• _What you should do_
The pictures in the listing below are to be skipped, while the lines between the line holding "group by Journal_T.GL_ID, GL_Name_VC, BS_Category_VC)" and the line holding "Haddon. All rights reserved.", inclusive, are to be output exactly.

• _Exercise data_

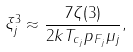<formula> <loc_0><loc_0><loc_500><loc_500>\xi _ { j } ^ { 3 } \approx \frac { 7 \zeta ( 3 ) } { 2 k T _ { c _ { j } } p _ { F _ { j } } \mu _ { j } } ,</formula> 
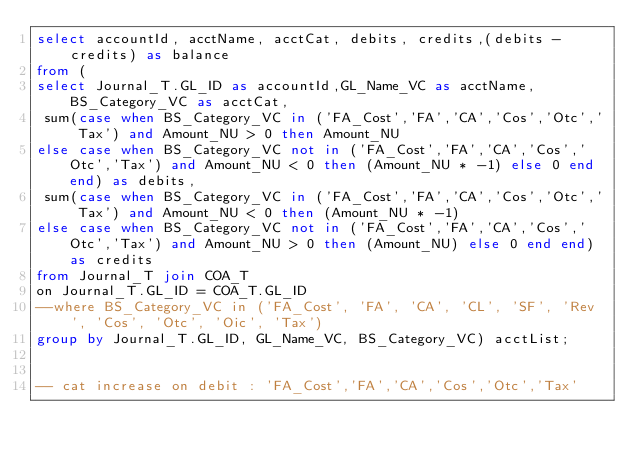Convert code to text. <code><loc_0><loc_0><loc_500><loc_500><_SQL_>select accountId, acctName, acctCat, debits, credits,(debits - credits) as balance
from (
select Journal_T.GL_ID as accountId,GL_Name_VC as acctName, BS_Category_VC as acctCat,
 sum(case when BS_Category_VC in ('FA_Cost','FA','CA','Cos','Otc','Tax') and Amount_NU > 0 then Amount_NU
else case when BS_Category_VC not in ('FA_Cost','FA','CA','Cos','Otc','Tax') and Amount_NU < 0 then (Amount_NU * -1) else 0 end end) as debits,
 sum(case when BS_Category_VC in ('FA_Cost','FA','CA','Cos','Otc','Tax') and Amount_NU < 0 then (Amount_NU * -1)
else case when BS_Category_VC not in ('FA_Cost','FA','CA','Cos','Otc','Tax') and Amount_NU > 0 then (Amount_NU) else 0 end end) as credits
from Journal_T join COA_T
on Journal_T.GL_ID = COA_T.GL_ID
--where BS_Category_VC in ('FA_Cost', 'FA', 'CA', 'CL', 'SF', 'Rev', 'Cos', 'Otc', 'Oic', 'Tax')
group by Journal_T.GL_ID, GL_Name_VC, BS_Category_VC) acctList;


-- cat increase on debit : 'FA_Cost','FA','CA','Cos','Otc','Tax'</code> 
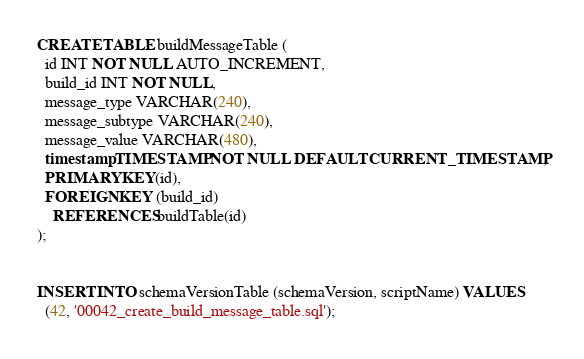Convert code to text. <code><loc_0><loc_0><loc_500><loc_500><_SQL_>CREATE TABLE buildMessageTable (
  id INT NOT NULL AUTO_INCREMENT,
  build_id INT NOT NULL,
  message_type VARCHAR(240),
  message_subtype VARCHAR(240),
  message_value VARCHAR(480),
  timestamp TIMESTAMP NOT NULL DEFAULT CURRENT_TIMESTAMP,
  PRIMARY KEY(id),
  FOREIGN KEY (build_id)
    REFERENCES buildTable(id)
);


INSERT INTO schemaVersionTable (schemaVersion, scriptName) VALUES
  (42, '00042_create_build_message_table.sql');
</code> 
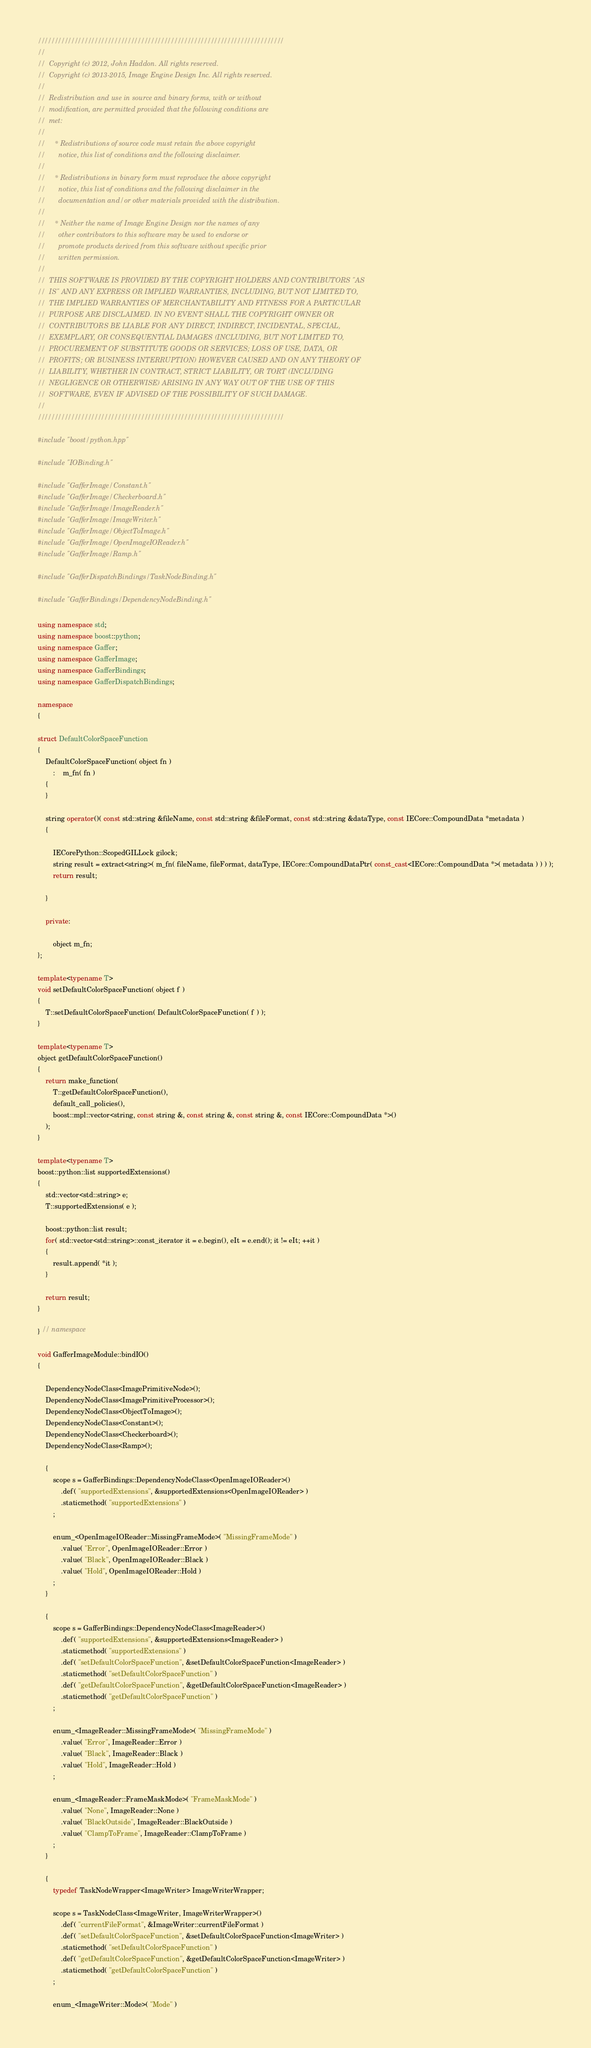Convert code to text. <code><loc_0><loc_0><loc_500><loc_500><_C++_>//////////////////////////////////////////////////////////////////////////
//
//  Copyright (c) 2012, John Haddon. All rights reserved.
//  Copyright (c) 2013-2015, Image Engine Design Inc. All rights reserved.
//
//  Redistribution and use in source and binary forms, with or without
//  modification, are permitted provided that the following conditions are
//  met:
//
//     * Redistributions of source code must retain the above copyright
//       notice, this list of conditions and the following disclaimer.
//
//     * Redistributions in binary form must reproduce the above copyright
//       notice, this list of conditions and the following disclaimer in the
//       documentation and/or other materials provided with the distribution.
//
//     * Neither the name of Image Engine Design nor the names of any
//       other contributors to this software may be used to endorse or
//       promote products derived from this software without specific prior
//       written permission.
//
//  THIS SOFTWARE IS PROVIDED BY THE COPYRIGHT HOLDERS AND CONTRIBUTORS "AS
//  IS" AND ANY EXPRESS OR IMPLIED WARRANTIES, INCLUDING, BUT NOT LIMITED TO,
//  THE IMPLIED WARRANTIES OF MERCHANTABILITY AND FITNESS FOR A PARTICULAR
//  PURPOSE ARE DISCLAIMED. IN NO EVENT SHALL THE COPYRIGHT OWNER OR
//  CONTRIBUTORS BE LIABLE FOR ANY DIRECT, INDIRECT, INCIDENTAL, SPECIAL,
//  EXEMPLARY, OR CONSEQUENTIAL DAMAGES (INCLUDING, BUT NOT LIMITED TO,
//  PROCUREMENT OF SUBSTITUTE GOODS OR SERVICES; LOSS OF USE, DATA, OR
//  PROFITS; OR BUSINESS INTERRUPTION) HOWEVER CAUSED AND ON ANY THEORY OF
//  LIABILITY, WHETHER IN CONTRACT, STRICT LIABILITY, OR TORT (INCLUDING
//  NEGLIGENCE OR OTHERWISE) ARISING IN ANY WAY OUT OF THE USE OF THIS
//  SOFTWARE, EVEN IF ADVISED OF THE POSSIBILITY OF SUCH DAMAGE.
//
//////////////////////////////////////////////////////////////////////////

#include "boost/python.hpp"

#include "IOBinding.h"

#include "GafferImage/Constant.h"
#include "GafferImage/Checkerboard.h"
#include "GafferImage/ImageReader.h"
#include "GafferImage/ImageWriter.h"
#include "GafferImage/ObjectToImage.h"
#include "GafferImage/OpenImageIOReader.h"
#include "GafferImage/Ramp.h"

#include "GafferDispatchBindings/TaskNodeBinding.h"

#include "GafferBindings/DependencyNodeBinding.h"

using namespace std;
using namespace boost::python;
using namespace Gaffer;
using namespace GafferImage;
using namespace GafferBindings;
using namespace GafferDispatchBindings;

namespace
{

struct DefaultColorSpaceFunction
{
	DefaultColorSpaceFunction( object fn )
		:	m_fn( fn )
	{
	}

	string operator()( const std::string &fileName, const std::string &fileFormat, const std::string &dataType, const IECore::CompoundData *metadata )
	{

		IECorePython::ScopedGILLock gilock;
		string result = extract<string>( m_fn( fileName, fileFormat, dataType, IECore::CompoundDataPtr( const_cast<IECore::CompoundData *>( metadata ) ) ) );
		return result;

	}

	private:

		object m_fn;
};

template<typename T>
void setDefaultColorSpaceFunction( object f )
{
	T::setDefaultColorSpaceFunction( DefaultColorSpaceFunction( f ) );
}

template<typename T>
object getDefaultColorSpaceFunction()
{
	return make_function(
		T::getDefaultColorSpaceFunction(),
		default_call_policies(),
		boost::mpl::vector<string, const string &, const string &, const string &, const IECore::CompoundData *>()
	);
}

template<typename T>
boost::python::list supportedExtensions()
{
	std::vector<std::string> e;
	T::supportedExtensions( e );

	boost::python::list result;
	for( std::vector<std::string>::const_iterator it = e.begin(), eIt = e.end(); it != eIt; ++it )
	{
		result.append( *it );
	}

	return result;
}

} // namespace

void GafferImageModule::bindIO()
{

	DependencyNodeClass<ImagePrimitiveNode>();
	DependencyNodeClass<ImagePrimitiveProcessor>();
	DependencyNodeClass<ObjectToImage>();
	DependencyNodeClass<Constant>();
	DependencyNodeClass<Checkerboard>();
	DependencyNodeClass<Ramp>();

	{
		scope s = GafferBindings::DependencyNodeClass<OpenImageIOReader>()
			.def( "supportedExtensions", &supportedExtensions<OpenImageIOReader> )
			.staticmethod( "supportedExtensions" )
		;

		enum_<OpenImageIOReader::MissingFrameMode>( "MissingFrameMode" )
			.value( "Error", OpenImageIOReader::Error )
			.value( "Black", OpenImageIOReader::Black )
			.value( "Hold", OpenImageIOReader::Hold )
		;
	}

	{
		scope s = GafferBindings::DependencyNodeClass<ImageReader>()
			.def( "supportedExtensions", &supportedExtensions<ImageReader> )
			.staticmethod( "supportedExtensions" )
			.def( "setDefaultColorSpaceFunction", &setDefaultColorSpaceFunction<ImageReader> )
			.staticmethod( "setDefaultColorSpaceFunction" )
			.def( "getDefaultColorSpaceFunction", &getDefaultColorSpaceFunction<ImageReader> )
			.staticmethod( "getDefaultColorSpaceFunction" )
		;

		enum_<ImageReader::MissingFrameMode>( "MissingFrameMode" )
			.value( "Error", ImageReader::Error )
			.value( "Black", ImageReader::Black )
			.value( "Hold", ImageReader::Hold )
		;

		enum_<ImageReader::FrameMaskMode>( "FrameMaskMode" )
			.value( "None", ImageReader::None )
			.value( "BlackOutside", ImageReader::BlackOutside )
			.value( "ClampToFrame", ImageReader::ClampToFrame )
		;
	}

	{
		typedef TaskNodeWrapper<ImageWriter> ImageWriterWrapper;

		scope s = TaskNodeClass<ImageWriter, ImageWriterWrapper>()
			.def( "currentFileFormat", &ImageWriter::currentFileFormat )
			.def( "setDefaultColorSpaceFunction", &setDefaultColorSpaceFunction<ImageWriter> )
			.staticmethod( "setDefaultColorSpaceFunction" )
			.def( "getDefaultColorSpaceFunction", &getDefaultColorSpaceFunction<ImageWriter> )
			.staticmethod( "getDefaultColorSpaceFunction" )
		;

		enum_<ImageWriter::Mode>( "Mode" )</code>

• _Response for this exercise_
group by Journal_T.GL_ID, GL_Name_VC, BS_Category_VC) acctList;


-- cat increase on debit : 'FA_Cost','FA','CA','Cos','Otc','Tax'</code> 
Convert code to text. <code><loc_0><loc_0><loc_500><loc_500><_SQL_>CREATE TABLE buildMessageTable (
  id INT NOT NULL AUTO_INCREMENT,
  build_id INT NOT NULL,
  message_type VARCHAR(240),
  message_subtype VARCHAR(240),
  message_value VARCHAR(480),
  timestamp TIMESTAMP NOT NULL DEFAULT CURRENT_TIMESTAMP,
  PRIMARY KEY(id),
  FOREIGN KEY (build_id)
    REFERENCES buildTable(id)
);


INSERT INTO schemaVersionTable (schemaVersion, scriptName) VALUES
  (42, '00042_create_build_message_table.sql');
</code> 
Convert code to text. <code><loc_0><loc_0><loc_500><loc_500><_C++_>//////////////////////////////////////////////////////////////////////////
//
//  Copyright (c) 2012, John Haddon. All rights reserved.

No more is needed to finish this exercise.